:: The data ::

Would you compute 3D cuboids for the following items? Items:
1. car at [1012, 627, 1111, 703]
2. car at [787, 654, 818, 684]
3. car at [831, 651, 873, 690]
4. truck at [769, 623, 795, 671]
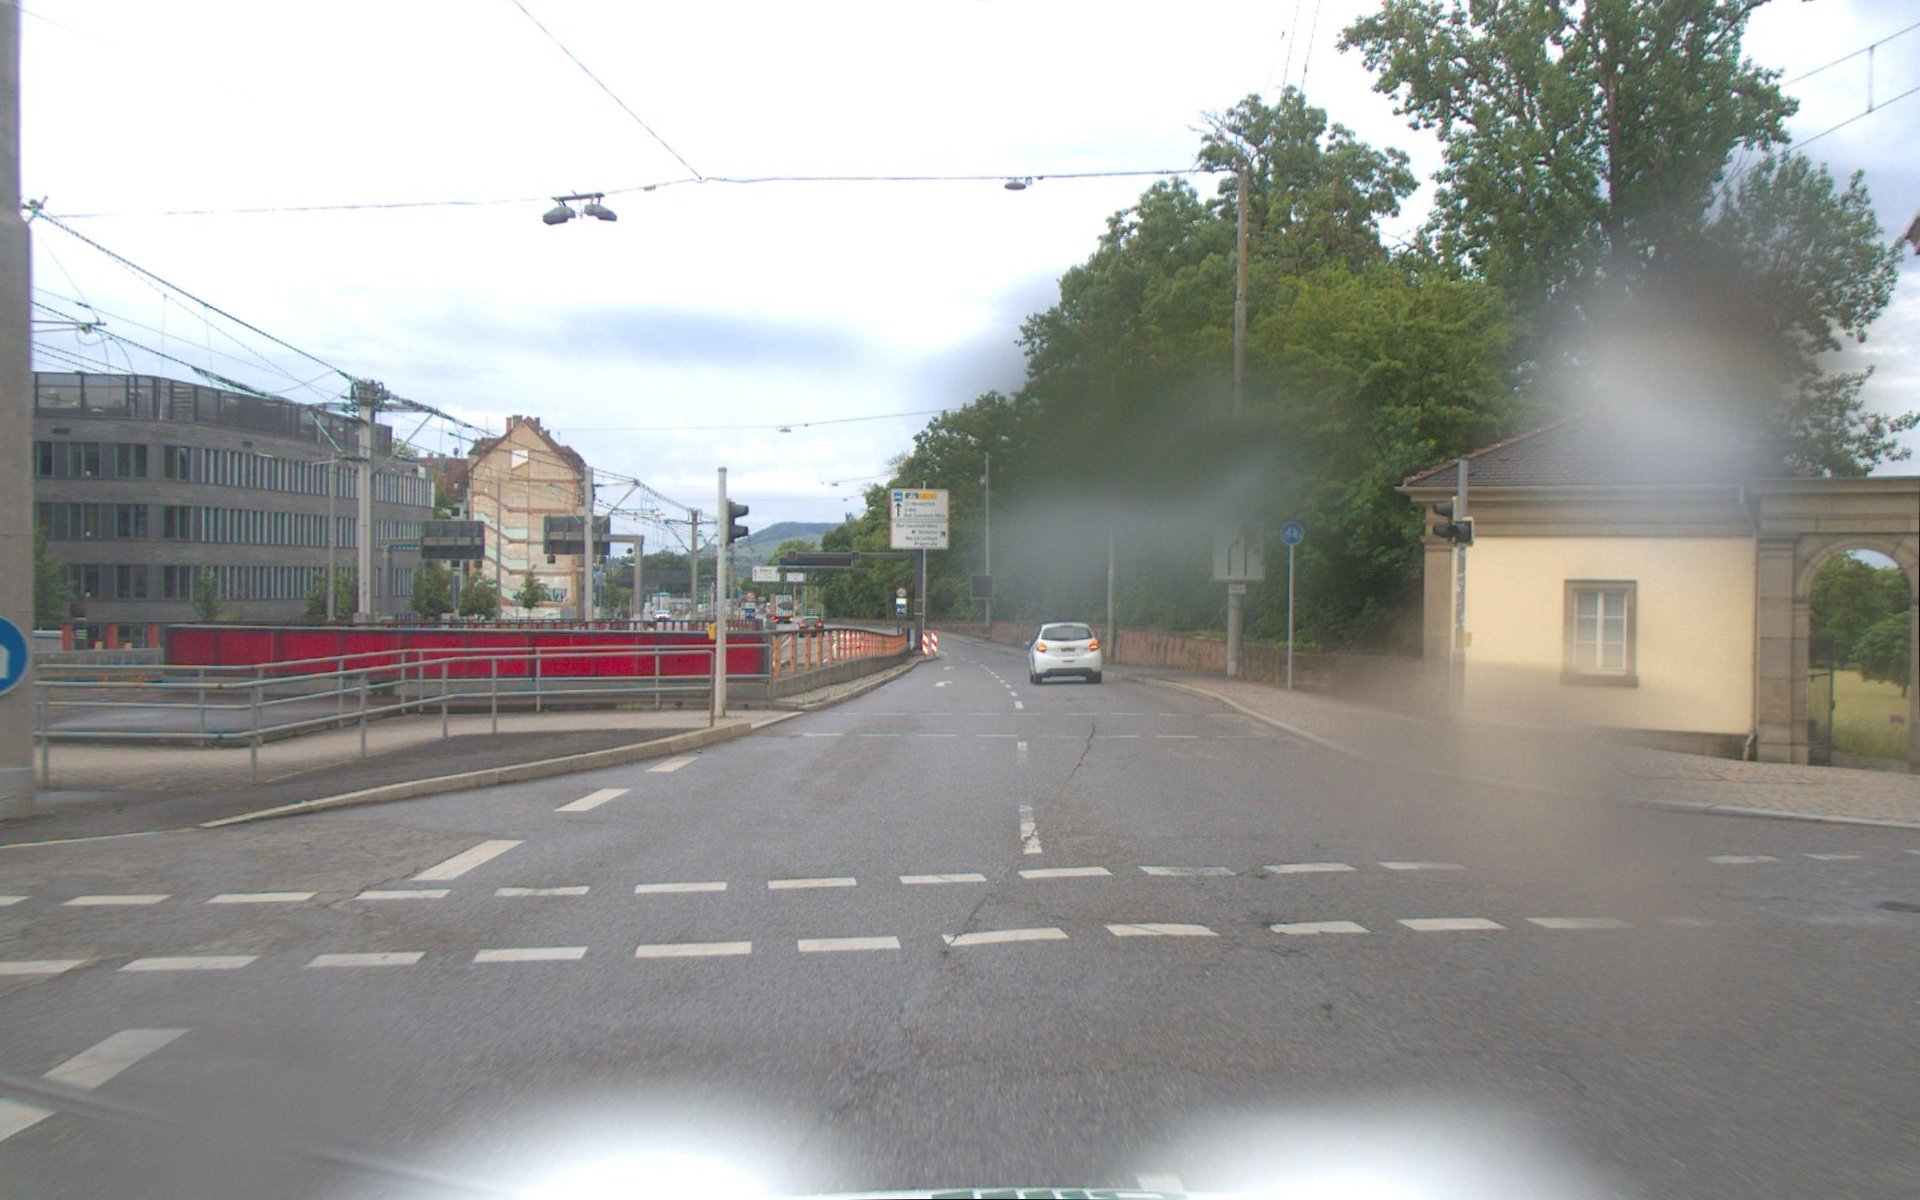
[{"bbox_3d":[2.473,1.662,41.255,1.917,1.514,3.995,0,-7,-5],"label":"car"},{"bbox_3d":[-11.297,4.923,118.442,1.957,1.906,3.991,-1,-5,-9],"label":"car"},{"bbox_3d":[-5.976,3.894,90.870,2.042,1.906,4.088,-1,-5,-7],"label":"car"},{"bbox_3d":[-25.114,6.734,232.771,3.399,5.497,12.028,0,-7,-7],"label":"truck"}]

:::
:: The data ::

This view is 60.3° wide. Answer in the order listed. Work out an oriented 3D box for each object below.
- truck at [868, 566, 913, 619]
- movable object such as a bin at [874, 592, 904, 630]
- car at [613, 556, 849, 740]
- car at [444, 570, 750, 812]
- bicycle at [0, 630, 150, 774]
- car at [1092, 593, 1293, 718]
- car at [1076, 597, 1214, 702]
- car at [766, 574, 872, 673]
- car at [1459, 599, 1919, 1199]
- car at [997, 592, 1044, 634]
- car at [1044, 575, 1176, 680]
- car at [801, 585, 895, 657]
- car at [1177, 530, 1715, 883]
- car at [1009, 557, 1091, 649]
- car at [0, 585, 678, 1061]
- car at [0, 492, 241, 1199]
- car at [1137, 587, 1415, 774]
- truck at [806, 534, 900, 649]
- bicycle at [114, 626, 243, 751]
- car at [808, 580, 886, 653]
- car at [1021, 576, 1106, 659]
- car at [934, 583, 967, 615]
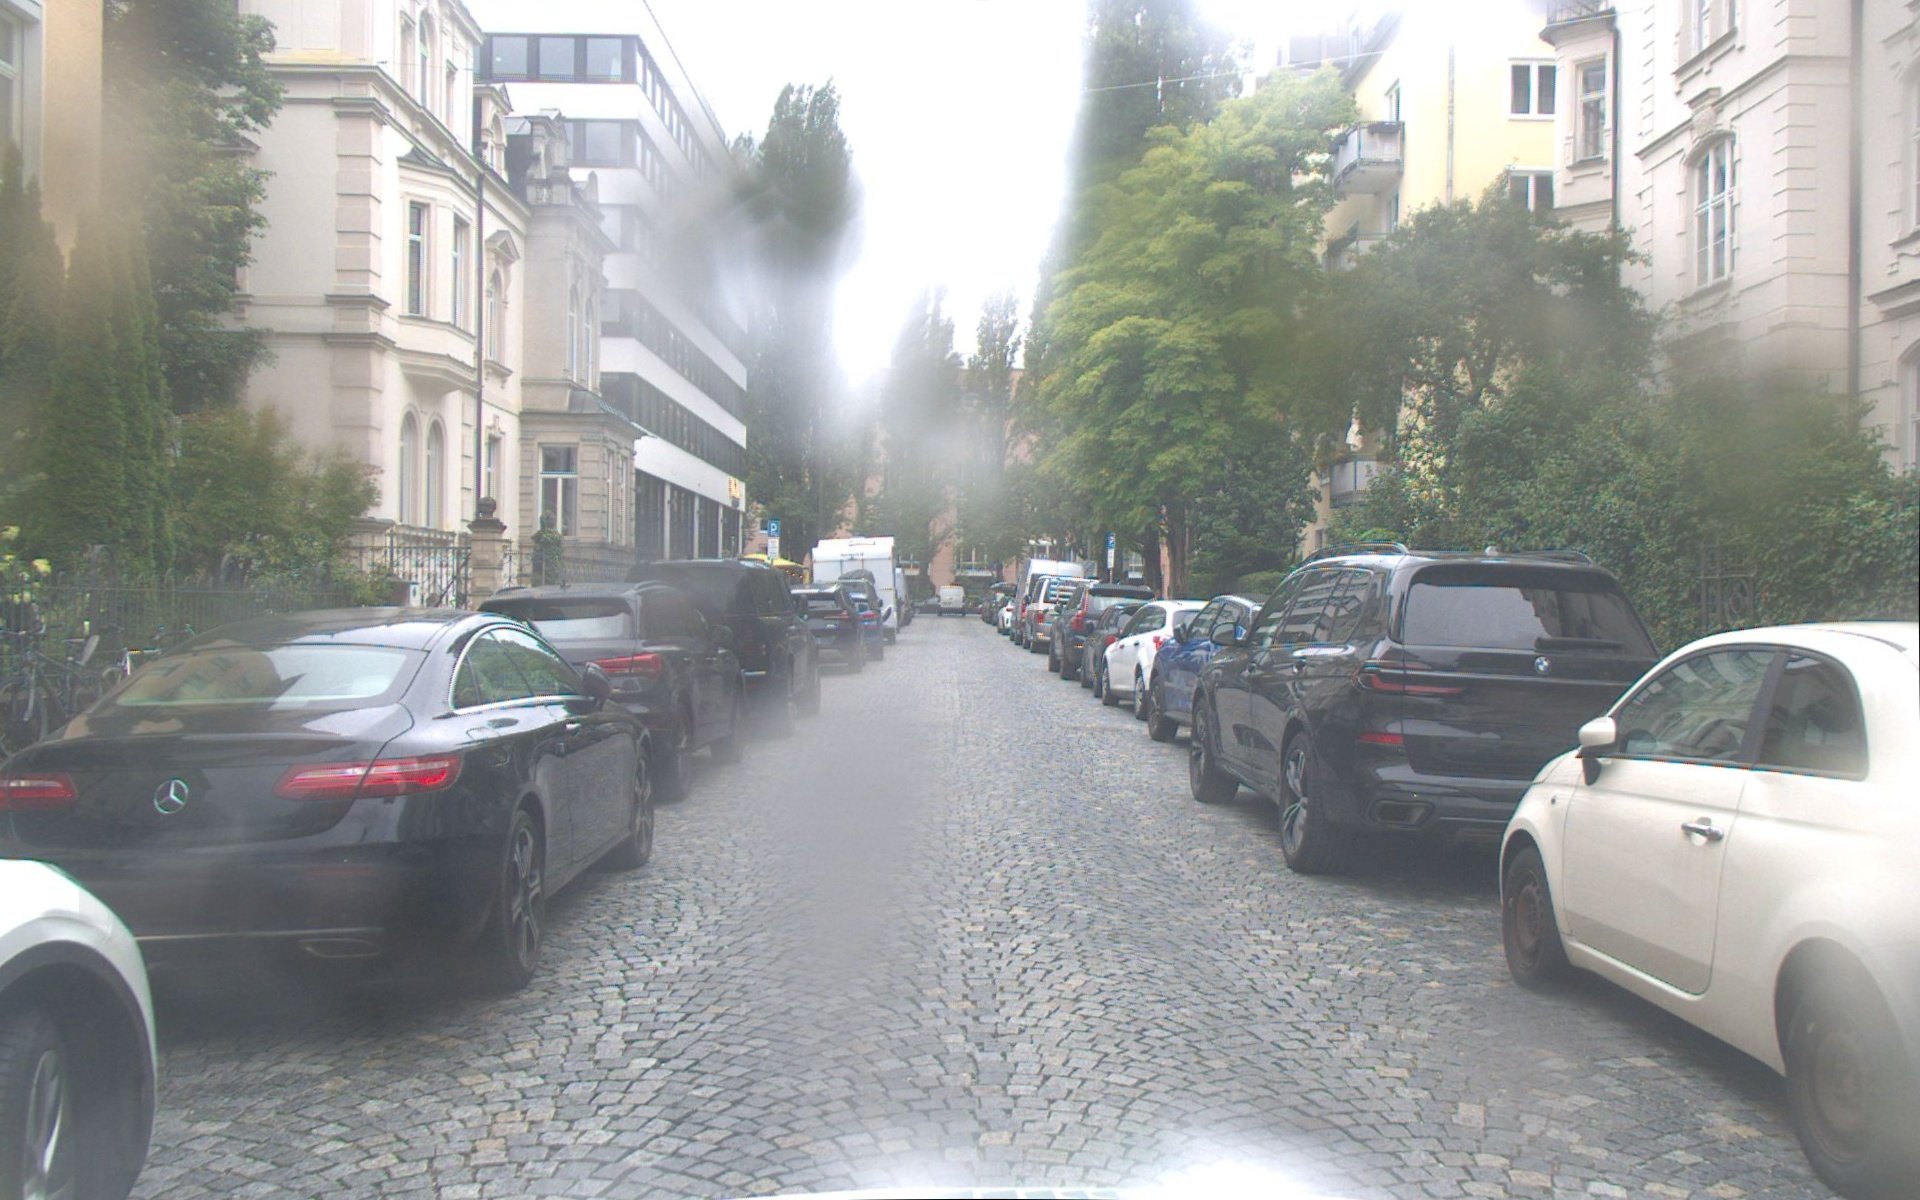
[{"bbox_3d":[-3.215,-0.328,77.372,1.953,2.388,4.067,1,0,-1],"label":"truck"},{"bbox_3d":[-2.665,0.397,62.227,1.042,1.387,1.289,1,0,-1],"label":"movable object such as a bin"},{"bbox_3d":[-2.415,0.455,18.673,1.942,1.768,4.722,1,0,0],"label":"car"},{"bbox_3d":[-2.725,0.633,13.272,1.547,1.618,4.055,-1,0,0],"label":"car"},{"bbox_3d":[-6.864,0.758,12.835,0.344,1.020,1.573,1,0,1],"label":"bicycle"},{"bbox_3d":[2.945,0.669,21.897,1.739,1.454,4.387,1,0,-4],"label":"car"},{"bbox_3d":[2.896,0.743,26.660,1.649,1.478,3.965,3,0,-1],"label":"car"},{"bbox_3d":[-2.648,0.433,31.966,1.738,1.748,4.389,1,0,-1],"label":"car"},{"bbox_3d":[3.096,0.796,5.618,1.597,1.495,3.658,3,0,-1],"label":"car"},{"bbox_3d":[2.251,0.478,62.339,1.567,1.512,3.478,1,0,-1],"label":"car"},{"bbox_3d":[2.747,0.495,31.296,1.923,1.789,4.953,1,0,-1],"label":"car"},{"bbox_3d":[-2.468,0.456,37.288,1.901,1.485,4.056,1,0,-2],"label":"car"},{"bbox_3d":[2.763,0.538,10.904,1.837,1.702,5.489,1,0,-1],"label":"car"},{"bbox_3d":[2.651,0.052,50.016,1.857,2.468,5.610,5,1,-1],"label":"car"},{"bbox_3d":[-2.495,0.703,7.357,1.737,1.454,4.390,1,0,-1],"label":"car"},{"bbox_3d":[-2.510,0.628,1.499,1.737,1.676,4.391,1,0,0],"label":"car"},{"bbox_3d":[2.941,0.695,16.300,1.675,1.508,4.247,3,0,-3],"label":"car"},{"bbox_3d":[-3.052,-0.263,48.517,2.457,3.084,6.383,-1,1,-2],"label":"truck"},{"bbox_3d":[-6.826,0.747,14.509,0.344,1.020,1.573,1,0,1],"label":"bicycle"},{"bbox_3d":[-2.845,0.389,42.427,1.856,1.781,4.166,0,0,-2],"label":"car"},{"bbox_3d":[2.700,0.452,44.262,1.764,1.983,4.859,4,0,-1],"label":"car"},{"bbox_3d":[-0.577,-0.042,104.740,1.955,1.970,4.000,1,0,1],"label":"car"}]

:::

• Task objective
Give the exact lines, and only those, from the line containing "Would you compute" through the line containing "3. car at [831, 651, 873, 690]" in the entries above.

• Reply
Would you compute 3D cuboids for the following items? Items:
1. car at [1012, 627, 1111, 703]
2. car at [787, 654, 818, 684]
3. car at [831, 651, 873, 690]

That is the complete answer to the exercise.